A : Activité physique

Il ne faut pas se tromper sur la capacité de se maintenir en forme physique, sans un entretien régulier. Toutes les occasions de “bouger” sont à saisir : prendre l’escalier plutôt que l’ascenseur, descendre une station avant sa destination et finir son trajet à pied, faire de la gymnastique dans sa salle de bain ou dans un jardin public (en dehors des jours de pollution atmosphérique qui contre-indique l’exercice de plein air), etc. Au moins 3 heures par semaine au total suffisent à réduire la mortalité de 30% chez 250 000 sujets, de 50 à 71 ans, suivis aux USA; d’autres conclusions évoquent 3 ans de vie gagnées sans maladie chronique, grâce à 15 minutes de marche rapide par jour.

 

CONCLUSION

Rester en “ bonne santé” n’est pas automatique et demande un minimum de précautions résumées ci-dessus, qui doivent être mises en œuvre dès qu’on est adulte et raisonnable. Il est absolument certain que les systèmes de soins ne pourront pas, dans le futur, payer les progrès de la médecine et de la chirurgie, sans que les affections handicapantes ne soient repoussées, au plus tard, de l’existence des individus prévoyants. Déjà certains pays refusent de rembourser les dépenses de santé des fumeurs, des alcooliques ou des toxicomanes.

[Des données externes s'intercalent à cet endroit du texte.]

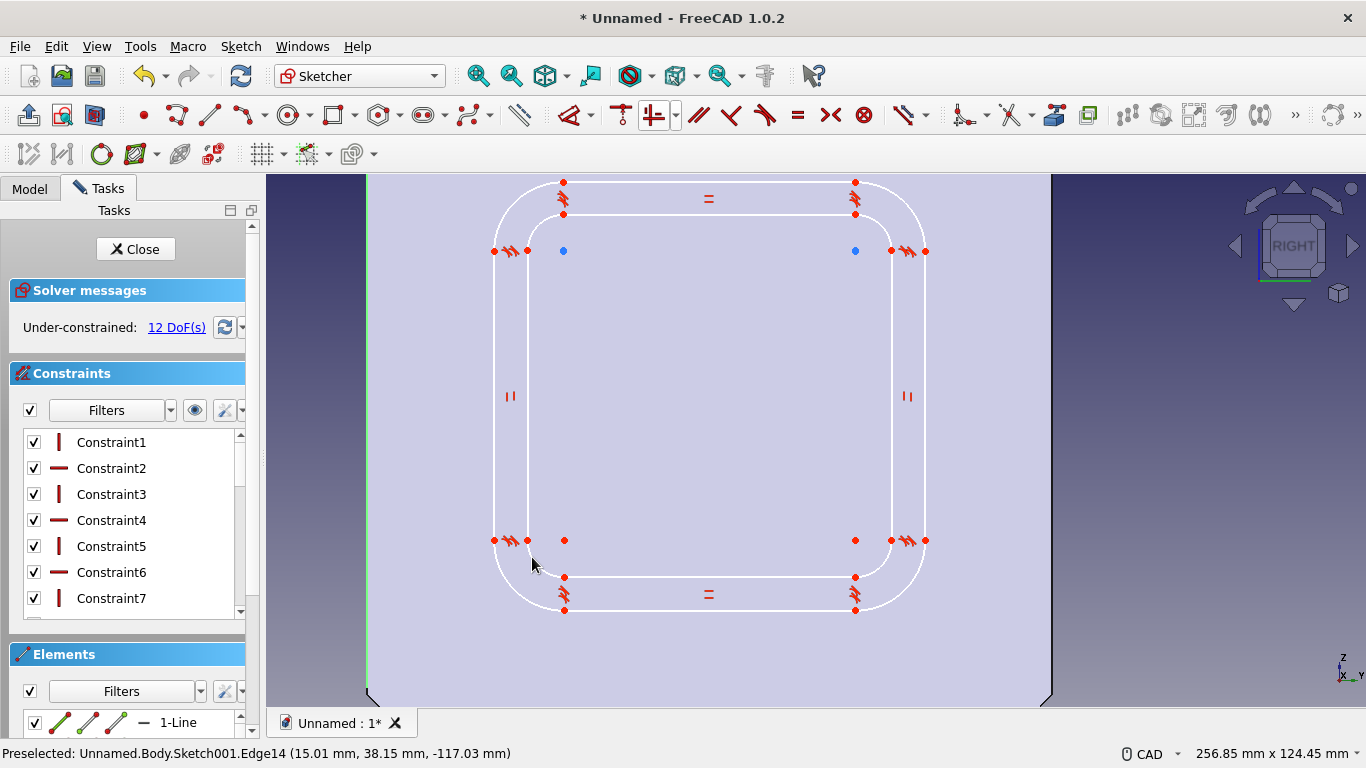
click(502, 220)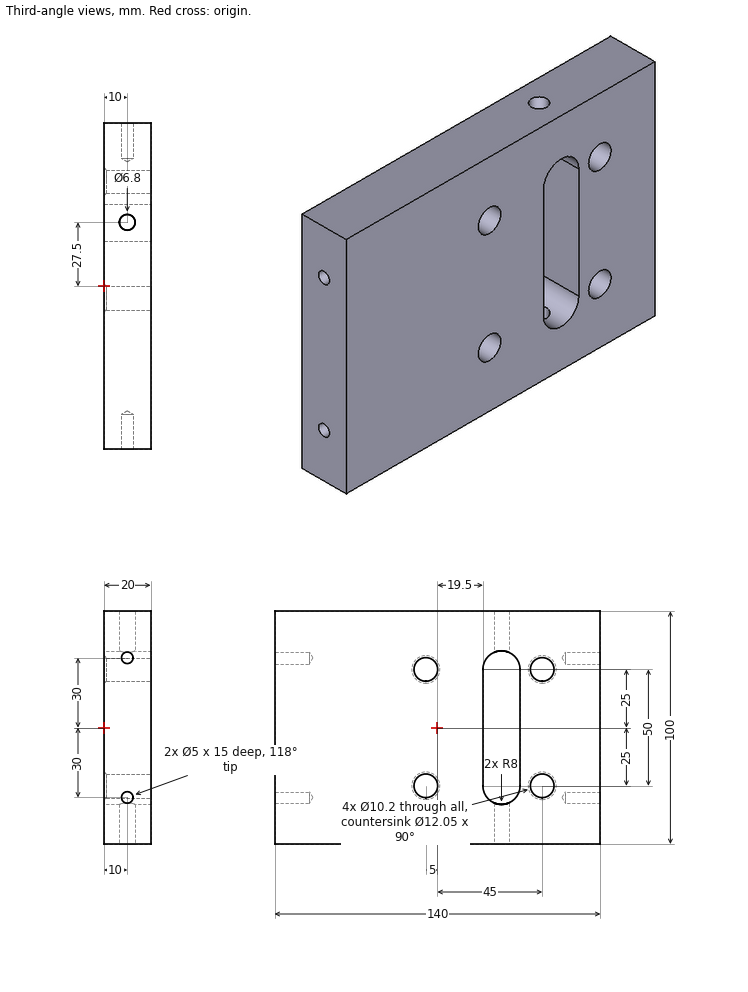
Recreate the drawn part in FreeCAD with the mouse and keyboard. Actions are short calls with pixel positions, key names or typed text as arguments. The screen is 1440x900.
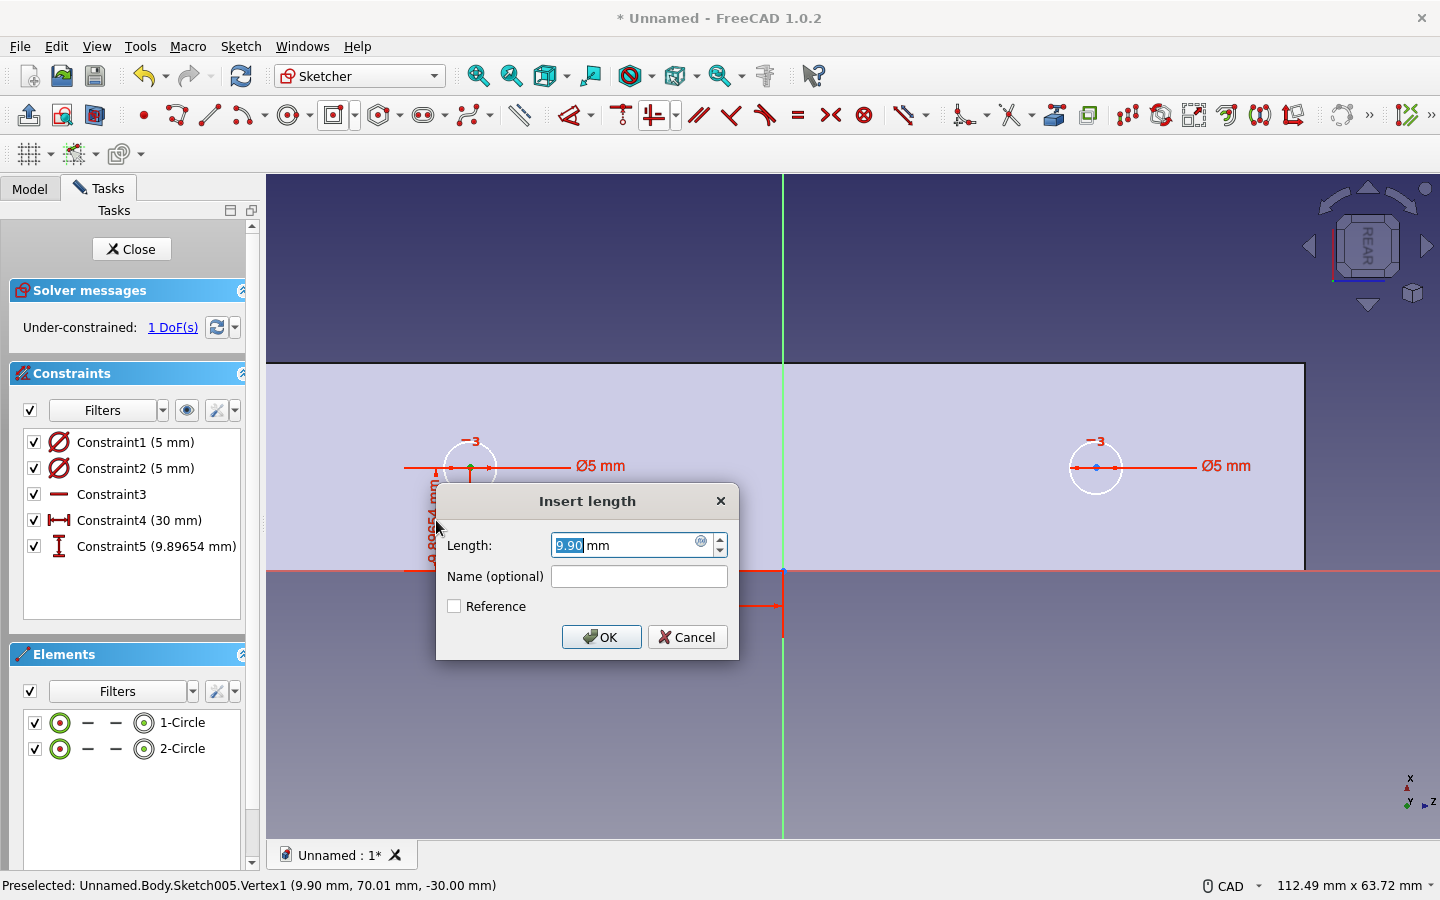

La prévention devient un enjeu majeur de nos sociétés développées et vieillissantes, alors que la part de budget qui lui est consacrée reste infime. Chacun doit le comprendre et le transmettre à son entourage, sans confier ce rôle au seul corps médical, car il s’agit d’une discipline quotidienne qu’on s’impose volontairement en toute connaissance des enjeux.